Мы взрослели, набираясь подобного опыта, и быстро привыкали к нему. Все наши деньги мы тратили на выпивку и вообще неплохо развлекались».
Джордж
: «Весь район Рипербана и Сан-Паули чем-то напоминал Сохо. Стоило выпить пива, развеселиться и начать гудеть с друзьями, как удержаться было уже невозможно. Мы жили в районе, где было все. Там были места, где собирались лесбиянки, но я там никогда не бывал. Или салоны, где женщины боролись в грязи; а были еще и трансвеститы и так далее. А мы только развлекались, играли рок-н-ролл и иногда шумели. В отличие от баек о нас, серьезные книги придают всему этому слишком большое значение».Пол
: «Каждый вечер в десять часов начинался комендантский час. Немецкие полицейские поднимались на сцену и объявляли: „Двадцать два часа. Всем лицам моложе восемнадцати лет немедленно покинуть клуб! Начинаем Ausweiskontrolle“. Мы так привыкли к таким объявлениям, что в конце концов начали произносить их сами. Наши объявления были шутливыми. Я немного говорил по-немецки — мы с Джорджем учили его в школе. (Все остальные учили французский, а нам преподавали немецкий и испанский.) Это нам очень пригодилось, и мы с легкостью несли со сцены всякую чуть. В конце концов в клубе стали собираться целые толпы, которым мы нравились».Джордж
: «Мы сидели на сцене и ждали, когда все кончится. Полицейские включали свет и приказывали группе прекратить игру, а потом начинали переходить от столика к столику, проверяя документы».Пол
: «Мы называли их гестаповцами — ребят во внушительных немецких мундирах, проверяющих у подростков паспорта. Ничего подобного мы никогда не видели. В Ливерпуле мы могли ходить куда угодно в любое время, лишь бы нас не застукали в пабе, и никто не спрашивал у нас документы. Думаю, это было последствием военного времени».Джордж
: «Прошло два месяца, прежде чем мы наконец поняли, что полицейские говорят: «Всем лицам моложе восемнадцати лет покинуть клуб». Мне было всего семнадцать, я сидел на сцене и нервничал. В конце концов все раскрылось — уж не знаю, как это произошло. У нас не было ни виз, ни разрешения на работу, мне не исполнилось восемнадцати, поэтому на нас начали наезжать, и вот наконец однажды явились полицейские и увели меня.Мне предстояло уехать домой в самый неподходящий момент, когда нам только что предложили работу в другом, более шикарном клубе «Топ Тен» на той же улице. В свободное время мы ходили туда послушать Шеридана и других — тех, кто выступал там. Менеджер переманил нас у Бруно Кошмидера, пару раз мы уже играли там. В том клубе атмосфера была приятной, там была, хорошая аппаратура, зал выглядел гораздо лучше, да и платили там больше.

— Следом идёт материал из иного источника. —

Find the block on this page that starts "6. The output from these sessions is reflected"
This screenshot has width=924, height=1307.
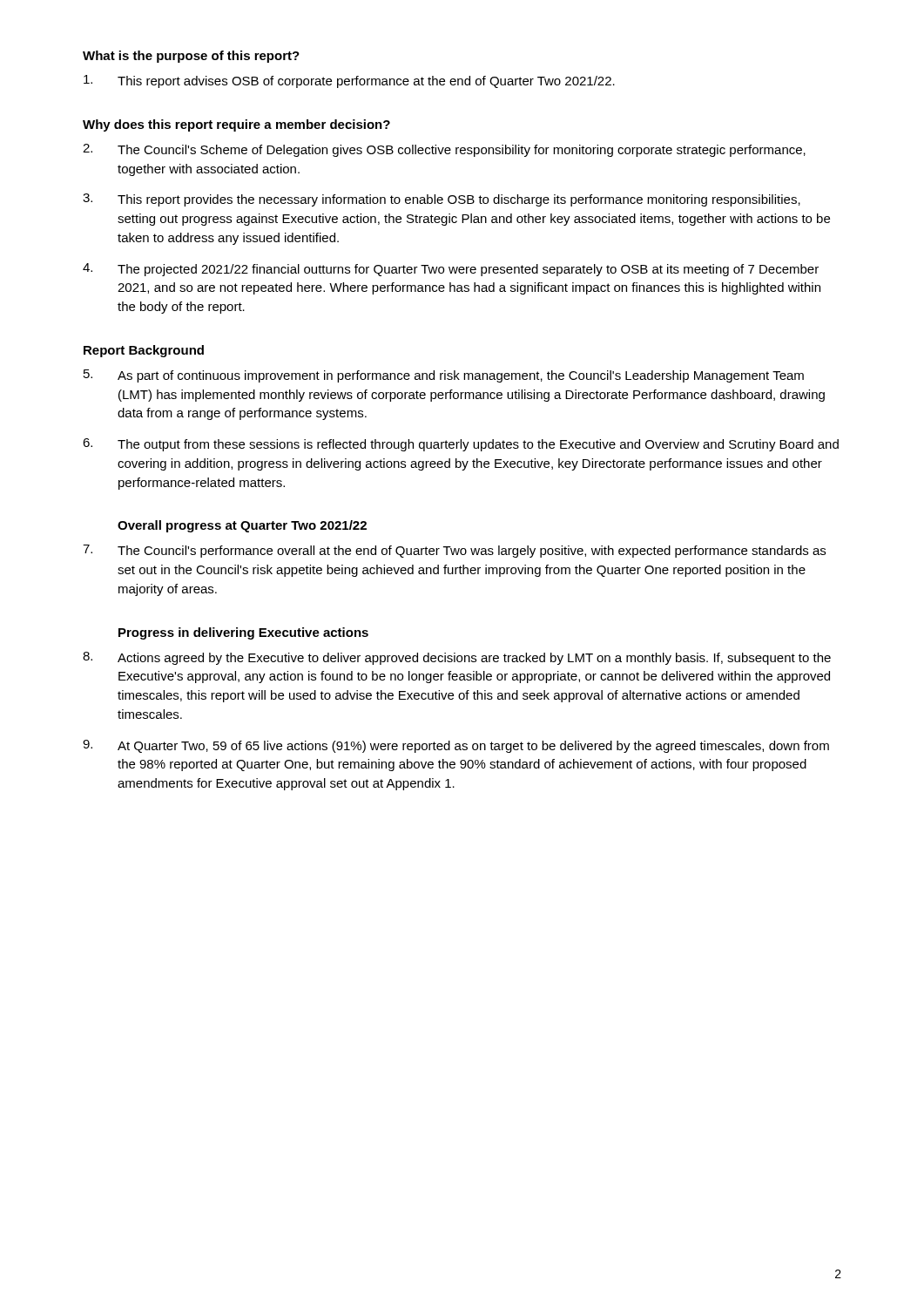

Так мы перешли из «Кайзеркеллера» в «Топ Тен», куда мы давно рвались, и как раз в этот момент меня выслали из города. Я поехал домой, а ребята перебрались в классный клуб.
Астрид и, кажется, Стюарт довезли меня до гамбургского вокзала. Я в одиночку проделал долгий путь в поезде до Голландии. Оттуда я добрался до Англии на корабле. Поездка растянулась на целую вечность, денег у меня было немного, и я молился, чтобы их хватило. Мне пришлось добираться от Харвика до Ливерпул-стрит-стейшн, а затем на такси до Юстона. Там я сел в поезд до Ливерпуля. Как сейчас помню, я вез усилитель, купленный в Гамбурге, старый чемодан, коробки с вещами, бумажные пакеты с одеждой и гитару. Нести все вещи сразу я не мог. Я стоял в коридоре поезда, обложенный багажом со всех сторон, а поезд был набит солдатами, которые без перерыва пили. Наконец я доехал до Ливерпуля и на такси добрался до дома — мне едва хватило денег. Домой я прибыл без гроша. Все, что я заработал, ушло на проезд.

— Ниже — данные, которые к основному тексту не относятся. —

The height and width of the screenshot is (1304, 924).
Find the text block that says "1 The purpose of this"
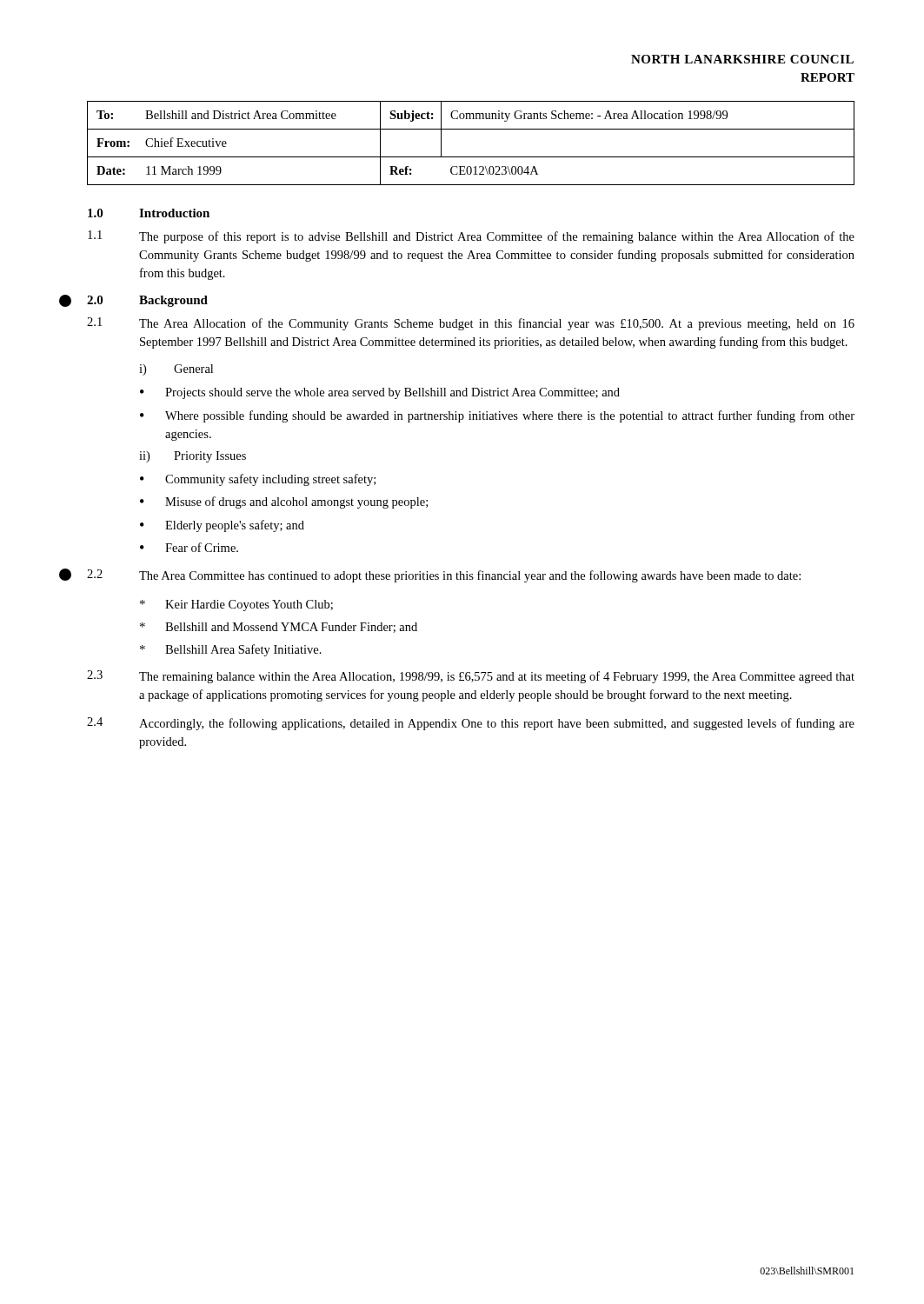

Я вернулся в Англию совсем один, но вскоре выяснилось, что одновременно со мной выслали Пита и Пола, и они опередили меня. Похоже, Бруно не захотел, чтобы «Битлз» покинули его клуб, и, когда там случайно вспыхнул пожар, донес в полицию.
Бруно заявил, что это мы подожгли его кинотеатр. Полицейские арестовали Пита и Пола, несколько часов продержали в участке на Рипербане, а потом отправили самолетом в Англию. Депортировали, в общем. Через несколько дней вернулся и Джон, потому что ему не имело смысла оставаться в Гамбурге, а Стюарт немного задержался, решив остаться у Астрид. Я вздохнул с облегчением; до этого я только и думал, что вся наша группа выступает в Гамбурге, а я торчу в Ливерпуле».